Task to carry out
From the entries, copy out every line in which the word "PooledClass" is found.

Source data:
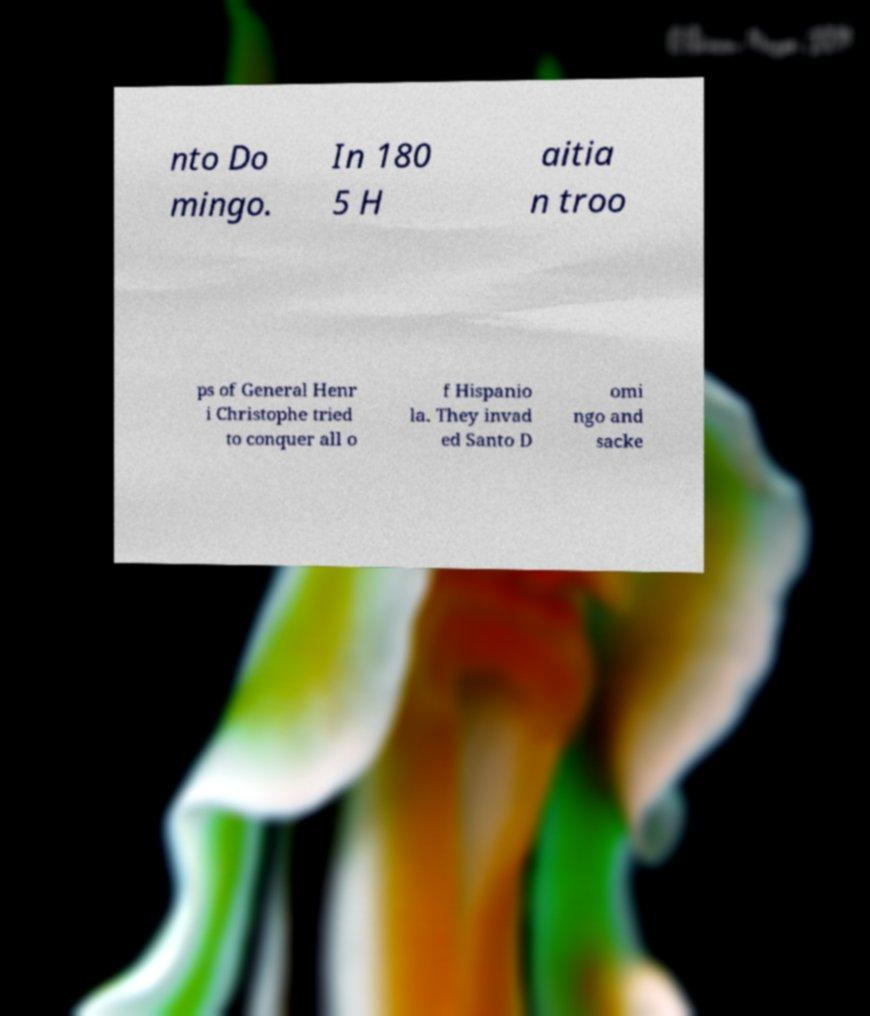There's text embedded in this image that I need extracted. Can you transcribe it verbatim? nto Do mingo. In 180 5 H aitia n troo ps of General Henr i Christophe tried to conquer all o f Hispanio la. They invad ed Santo D omi ngo and sacke 
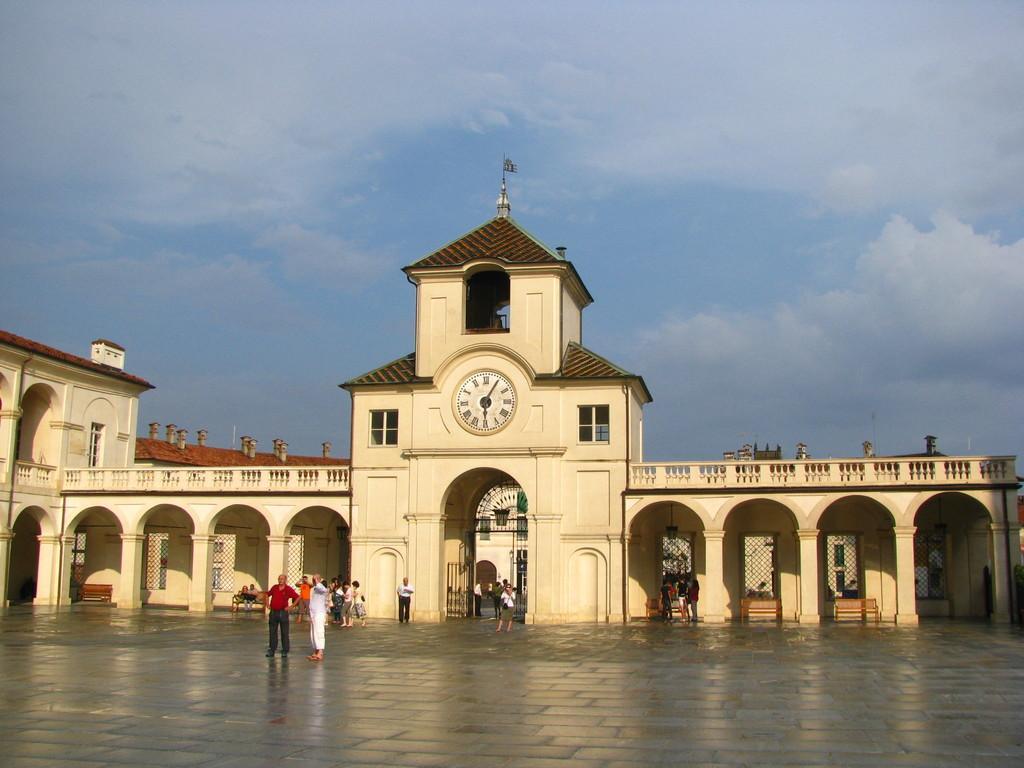Please provide a concise description of this image. In this image we can see a building, people, chairs and other objects. At the bottom of the image there is the floor. At the top of the image there is the sky. 
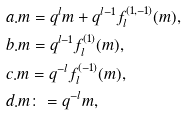Convert formula to latex. <formula><loc_0><loc_0><loc_500><loc_500>& a . m = q ^ { l } m + q ^ { l - 1 } f _ { l } ^ { ( 1 , - 1 ) } ( m ) , \\ & b . m = q ^ { l - 1 } f _ { l } ^ { ( 1 ) } ( m ) , \\ & c . m = q ^ { - l } f _ { l } ^ { ( - 1 ) } ( m ) , \\ & d . m \colon = q ^ { - l } m ,</formula> 
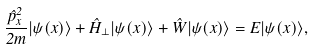Convert formula to latex. <formula><loc_0><loc_0><loc_500><loc_500>\frac { \hat { p } _ { x } ^ { 2 } } { 2 m } | \psi ( x ) \rangle + \hat { H } _ { \perp } | \psi ( x ) \rangle + \hat { W } | \psi ( x ) \rangle = E | \psi ( x ) \rangle ,</formula> 
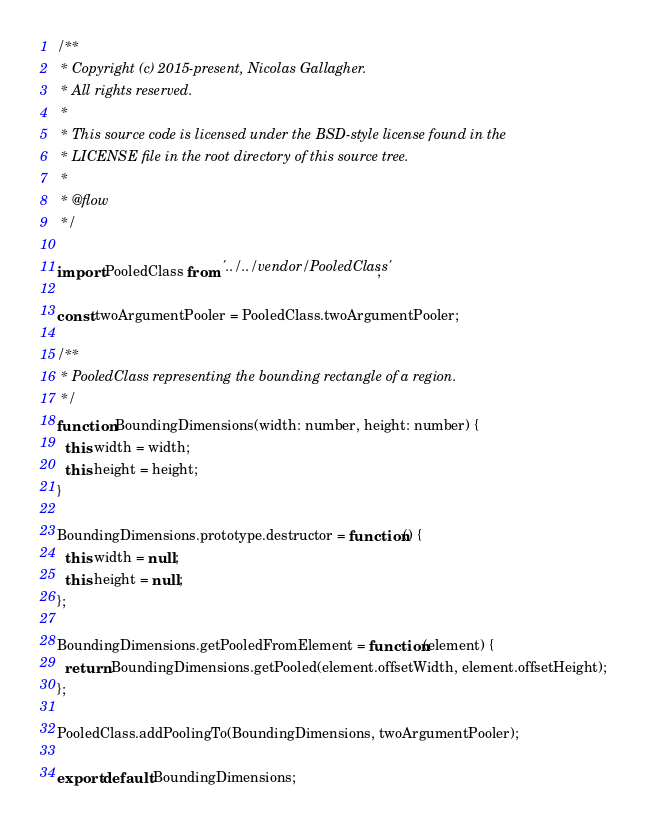<code> <loc_0><loc_0><loc_500><loc_500><_JavaScript_>/**
 * Copyright (c) 2015-present, Nicolas Gallagher.
 * All rights reserved.
 *
 * This source code is licensed under the BSD-style license found in the
 * LICENSE file in the root directory of this source tree.
 *
 * @flow
 */

import PooledClass from '../../vendor/PooledClass';

const twoArgumentPooler = PooledClass.twoArgumentPooler;

/**
 * PooledClass representing the bounding rectangle of a region.
 */
function BoundingDimensions(width: number, height: number) {
  this.width = width;
  this.height = height;
}

BoundingDimensions.prototype.destructor = function() {
  this.width = null;
  this.height = null;
};

BoundingDimensions.getPooledFromElement = function(element) {
  return BoundingDimensions.getPooled(element.offsetWidth, element.offsetHeight);
};

PooledClass.addPoolingTo(BoundingDimensions, twoArgumentPooler);

export default BoundingDimensions;
</code>

Result of this exercise
import PooledClass from '../../vendor/PooledClass';
const twoArgumentPooler = PooledClass.twoArgumentPooler;
 * PooledClass representing the bounding rectangle of a region.
PooledClass.addPoolingTo(BoundingDimensions, twoArgumentPooler);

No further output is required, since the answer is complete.